Good Samaritan laws are meant to protect lay people who, for no reason other than kindness, come to the aid of fellow human beings in need.
The general concept is that, as long as you help without any expectation of payment or reward, you will be immune from liability for screwing things up while you're trying to help - as long as you don't screw up really bad.
A ruling on March 21, 2007, by the California Court of Appeal, Second Appellate District, Division 3, essentially restricted California's version of the Good Samaritan Law - the one we think we're following when we stop at a car crash - to only acts that can be defined as emergency medical care.
So, what's emergency medical care?
Well, that's the rub. Emergency medical care apparently does not include rescue, which is the act in question in this case. A lay rescuer pulled an injured victim from a car the rescuer thought was going to catch fire. The victim is now paralyzed and there is some debate whether the rescuer's actions or the crash caused the paralysis.
Let me state at least one obvious point here: no crash equals no injuries equals no need for a rescuer at all.
I'll let that sink in all by itself.
The rescuer sought and won a summary judgment (basically a get-out-of-court-free card) from a superior court judge. That judgment has now been overturned by the appellate court, partially because of where the law is found.

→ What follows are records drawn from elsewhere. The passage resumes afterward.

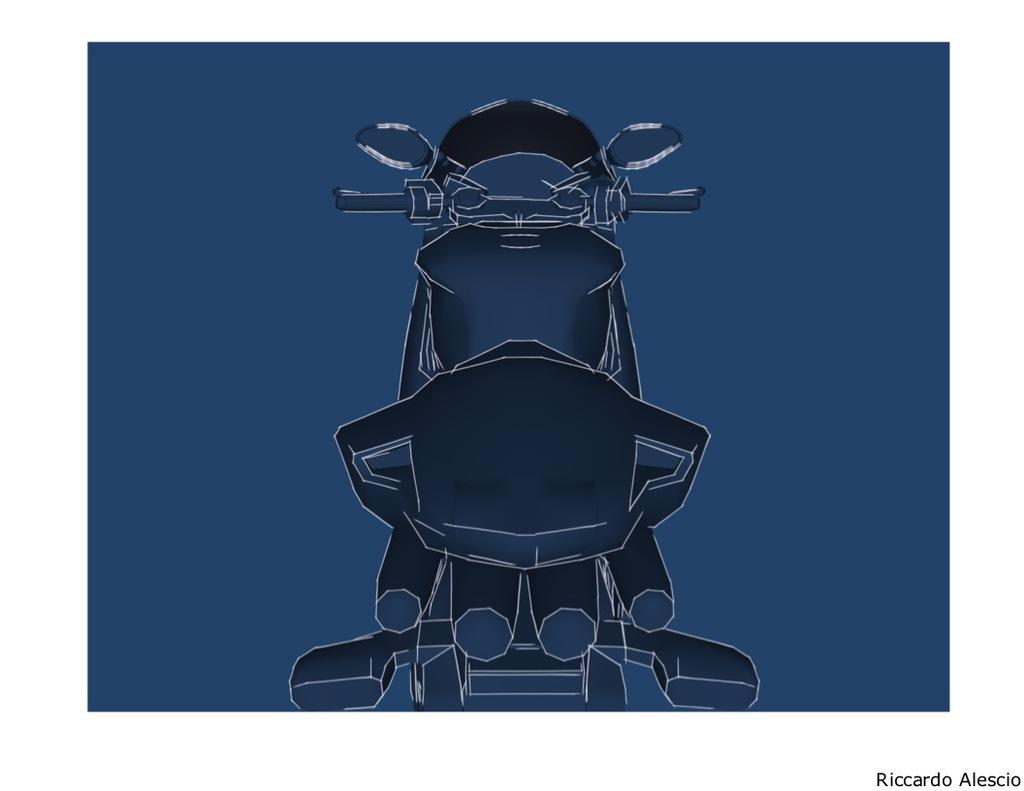What is the main subject of the image? The main subject of the image is a drawing of a cartoon. How many cherries are present in the image? There is no mention of cherries in the image, as the only fact provided is that there is a drawing of a cartoon. 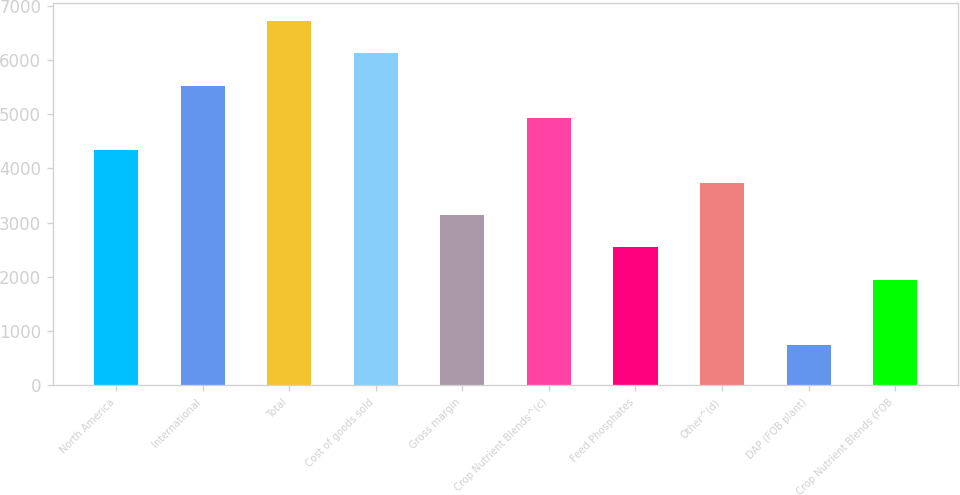Convert chart. <chart><loc_0><loc_0><loc_500><loc_500><bar_chart><fcel>North America<fcel>International<fcel>Total<fcel>Cost of goods sold<fcel>Gross margin<fcel>Crop Nutrient Blends^(c)<fcel>Feed Phosphates<fcel>Other^(d)<fcel>DAP (FOB plant)<fcel>Crop Nutrient Blends (FOB<nl><fcel>4332.22<fcel>5525.14<fcel>6718.06<fcel>6121.6<fcel>3139.3<fcel>4928.68<fcel>2542.84<fcel>3735.76<fcel>753.46<fcel>1946.38<nl></chart> 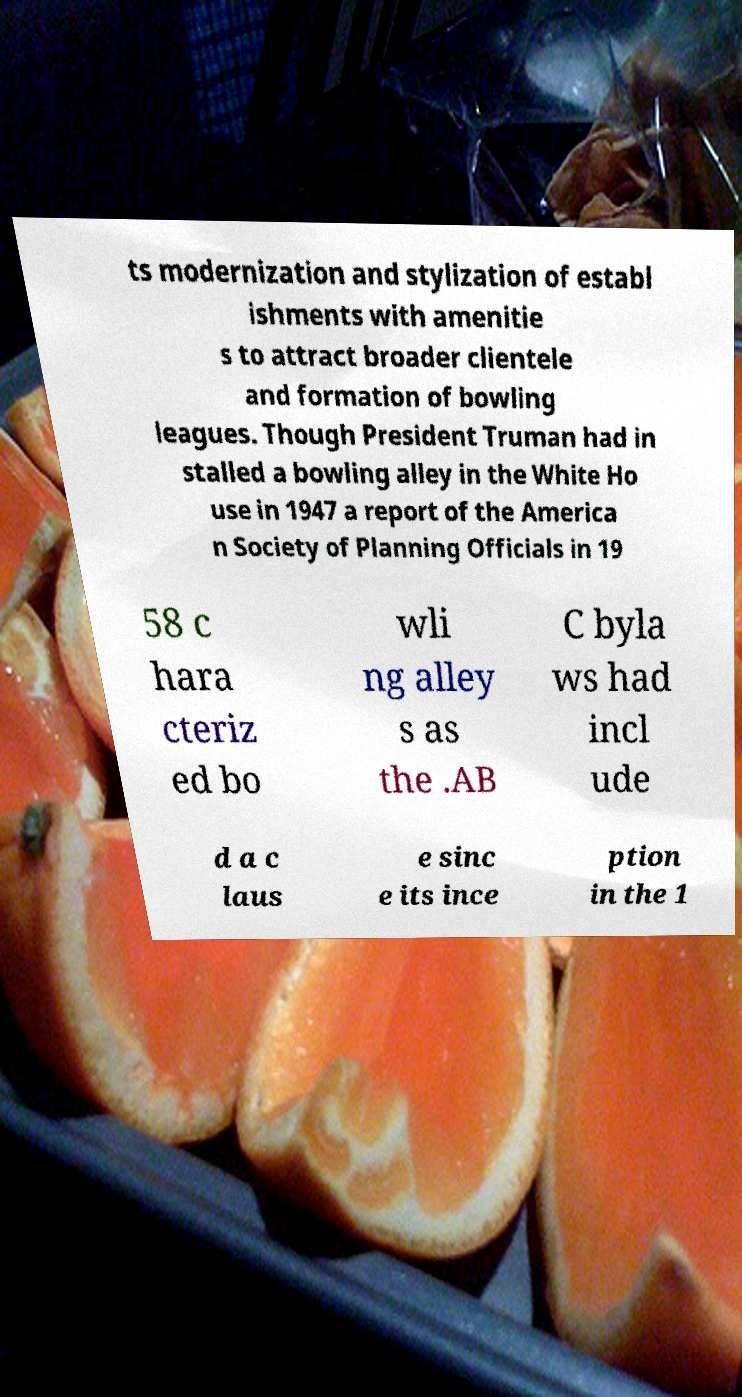For documentation purposes, I need the text within this image transcribed. Could you provide that? ts modernization and stylization of establ ishments with amenitie s to attract broader clientele and formation of bowling leagues. Though President Truman had in stalled a bowling alley in the White Ho use in 1947 a report of the America n Society of Planning Officials in 19 58 c hara cteriz ed bo wli ng alley s as the .AB C byla ws had incl ude d a c laus e sinc e its ince ption in the 1

California's Good Samaritan Law is part of Division 2.5 of California's Health and Safety Code. Among other things, Division 2.5 covers emergency medical services for the state. Because of that, the appellate court plugged the word "medical" where it doesn't exist.
From Division 2.5 of the California Health and Safety Code:
1799.102. No person who in good faith, and not for compensation, renders emergency care at the scene of an emergency shall be liable for any civil damages resulting from any act or omission. The scene of an emergency shall not include emergency departments and other places where medical care is usually offered.According to the ruling, the existence of the word "medical" in the last sentence, and the statute's location near other sections regarding emergency medical services means that only medical care is covered by the law.
Why is that important? Because of the court's decision that moving a victim to a safer location is not medical care.
From the decision, written by Justice H. Walter Croskey:
"There may be circumstances in which moving someone from their current location is a matter of medical exigency, such as where a carbon monoxide poisoning victim needs to be moved to a source of fresh air. We do not hold that the act of moving a person is never the rendition of emergency medical care, only that it was not in this case."The problem with this thinking is that untrained rescuers - the very population this law is intended to protect - are supposed to make a determination as to whether the care they are rendering is medical in nature in order to benefit from Good Samaritan protection.
The California Supreme Court heard arguments on this case and agreed with the appellate court -- barely. In a 4 to 3 split decision, the Supreme Court paved the way for Alexandra van Horn, the injured accident victim, to sue her rescuer, Lisa Torti.
An important point: the 3 justices in the minority felt that while Torti may have made mistakes bad enough to be sued, they didn't see any reason to completely reinterpret the law. I agree, and wish at least one more justice had sided with them.
The next time I'm lying in a car, unable to move, I want a Good - nay, Great - Samaritan to pull me free of the burning mass of twisted metal. Even if it turns out, as it may in this case, that the smoke was just from the airbags being deployed.
I teach, and will continue to teach, that positioning and location are part of medical care at the scene of an emergency. I don't know if the defendant in this case jumped the gun, but she - and all the other potential Good Samaritans to come after her - deserve to have this ruling overturned.